Тот склонил голову, выражая покорность, но при этом вздохнул еще раз. Все в лагере знали, что Балвер обладает искусством сводить воедино все слухи, случайно услышанные замечания и действия людей и составлять из них картину того, что происходит на самом деле и что должно вскорости произойти. Сам Балвер считал это частью своей работы секретаря, но по каким-то соображениям предпочитал делать вид, будто бы ничем подобным не занимается. Это была совершенно безобидная причуда, и Перрин постарался подбодрить его.
— Мы с мастером Балвером немного пройдемся, а ты держись сзади, — произнес он, беря из рук юноши повод Ходока. — Нам нужно поговорить с глазу на глаз. — Вздох Балвера был настолько легким, что Перрин едва расслышал его.
Айрам, не говоря ни слова, отстал от них и пошел в нескольких шагах позади, но его запах снова стал острым и неспокойным — тонкий кислый запах. На этот раз Перрин распознал, что он значит, хотя обратил на него не больше внимания, чем обычно. Айрам испытывал зависть к любому, кроме Фэйли, кому хозяин уделял свое внимание. Перрин не видел способа положить этому конец, и кроме того, он настолько же привык к ревности Айрама, как и к конспираторским замашкам Балвера, идущего сейчас рядом с ним подпрыгивающей походкой. Тот несколько раз оглянулся через плечо, чтобы убедиться, что Айрам не подходит слишком близко и не услышит ни слова, прежде чем наконец решился заговорить. Острый как бритва запах подозрительности Балвера, удивительно сухой и без единой капли тепла, странным образом оттенял ревность Айрама. Невозможно изменить людей, которые сами не хотят меняться.
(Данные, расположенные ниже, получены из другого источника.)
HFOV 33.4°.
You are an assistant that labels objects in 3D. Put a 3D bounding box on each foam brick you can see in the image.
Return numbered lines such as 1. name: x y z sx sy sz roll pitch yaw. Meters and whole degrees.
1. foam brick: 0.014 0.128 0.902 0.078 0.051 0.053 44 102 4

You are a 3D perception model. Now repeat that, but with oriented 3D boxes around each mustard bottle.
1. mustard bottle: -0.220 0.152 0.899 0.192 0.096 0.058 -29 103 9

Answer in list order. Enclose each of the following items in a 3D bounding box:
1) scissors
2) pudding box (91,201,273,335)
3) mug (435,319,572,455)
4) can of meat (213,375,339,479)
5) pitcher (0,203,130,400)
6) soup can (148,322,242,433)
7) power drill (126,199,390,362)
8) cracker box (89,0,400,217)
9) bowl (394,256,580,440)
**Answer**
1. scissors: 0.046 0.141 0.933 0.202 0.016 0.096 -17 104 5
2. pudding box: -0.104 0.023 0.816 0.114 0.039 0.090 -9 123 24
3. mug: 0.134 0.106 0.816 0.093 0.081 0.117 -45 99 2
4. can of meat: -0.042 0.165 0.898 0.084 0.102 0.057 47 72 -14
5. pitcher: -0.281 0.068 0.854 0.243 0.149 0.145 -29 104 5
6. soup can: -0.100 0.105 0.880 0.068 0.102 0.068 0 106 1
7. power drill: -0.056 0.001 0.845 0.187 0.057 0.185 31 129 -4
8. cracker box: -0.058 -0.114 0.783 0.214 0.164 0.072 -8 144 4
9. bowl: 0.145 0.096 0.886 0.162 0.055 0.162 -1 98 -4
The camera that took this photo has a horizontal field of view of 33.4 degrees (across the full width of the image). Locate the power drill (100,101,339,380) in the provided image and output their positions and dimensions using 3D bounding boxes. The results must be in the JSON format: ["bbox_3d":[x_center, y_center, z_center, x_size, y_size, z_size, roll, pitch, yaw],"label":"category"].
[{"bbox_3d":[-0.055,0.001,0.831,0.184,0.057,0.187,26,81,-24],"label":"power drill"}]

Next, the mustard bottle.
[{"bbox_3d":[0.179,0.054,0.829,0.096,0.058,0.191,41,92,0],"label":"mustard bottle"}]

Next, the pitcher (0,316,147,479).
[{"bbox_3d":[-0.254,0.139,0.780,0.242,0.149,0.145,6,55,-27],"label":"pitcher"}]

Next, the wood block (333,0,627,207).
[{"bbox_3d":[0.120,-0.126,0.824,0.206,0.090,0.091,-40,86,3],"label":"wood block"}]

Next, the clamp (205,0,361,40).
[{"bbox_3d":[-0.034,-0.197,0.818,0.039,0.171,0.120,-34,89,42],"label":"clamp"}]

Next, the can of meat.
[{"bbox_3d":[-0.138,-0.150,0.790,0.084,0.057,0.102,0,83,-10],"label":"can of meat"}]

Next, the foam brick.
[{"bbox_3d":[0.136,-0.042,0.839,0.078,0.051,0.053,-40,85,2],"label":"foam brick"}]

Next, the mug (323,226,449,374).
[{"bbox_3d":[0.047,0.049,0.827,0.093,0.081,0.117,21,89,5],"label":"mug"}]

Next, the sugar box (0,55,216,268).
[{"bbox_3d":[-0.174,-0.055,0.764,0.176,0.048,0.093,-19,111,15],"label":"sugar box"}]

Коновязи и повозки с провиантом располагались в центре лагеря, где ворам было бы сложно к ним подобраться, и хотя небо для большинства глаз все еще выглядело черным, возчики и конюхи, которые спали рядом со своими подопечными, уже проснулись и складывали одеяла; некоторые укрепляли навесы, сделанные из сосновых веток и сучьев других деревьев, собранных поблизости в лесу на случай, если они понадобятся и на следующую ночь. Уже разожгли костры для стряпни, и над ними уже висели маленькие черные котелки, хотя из еды в лагере имелись только овсянка и сушеные бобы. Охота и силки прибавляли к их рациону немного мяса, оленину и крольчатину, куропаток, тетеревов и тому подобную дичь, но этого хватало едва-едва, учитывая количество едоков, а закупать продукты стало негде еще до того, как они пересекли Элдар. За Перрином следовала рябь поклонов, реверансов и бормотаний «С добрым утром, милорд» и «Благослови вас Свет, милорд», но те, кто видел его, тут же переставали укреплять навесы, а некоторые сразу же принимались их разбирать, словно почувствовав по его походке, насколько он исполнен решимости. Они уже давно должны были это понять. С того самого дня, когда Перрин осознал, насколько грубый промах допустил, он ни одной ночи не провел на прежнем месте. Он отвечал на приветствия, не останавливаясь.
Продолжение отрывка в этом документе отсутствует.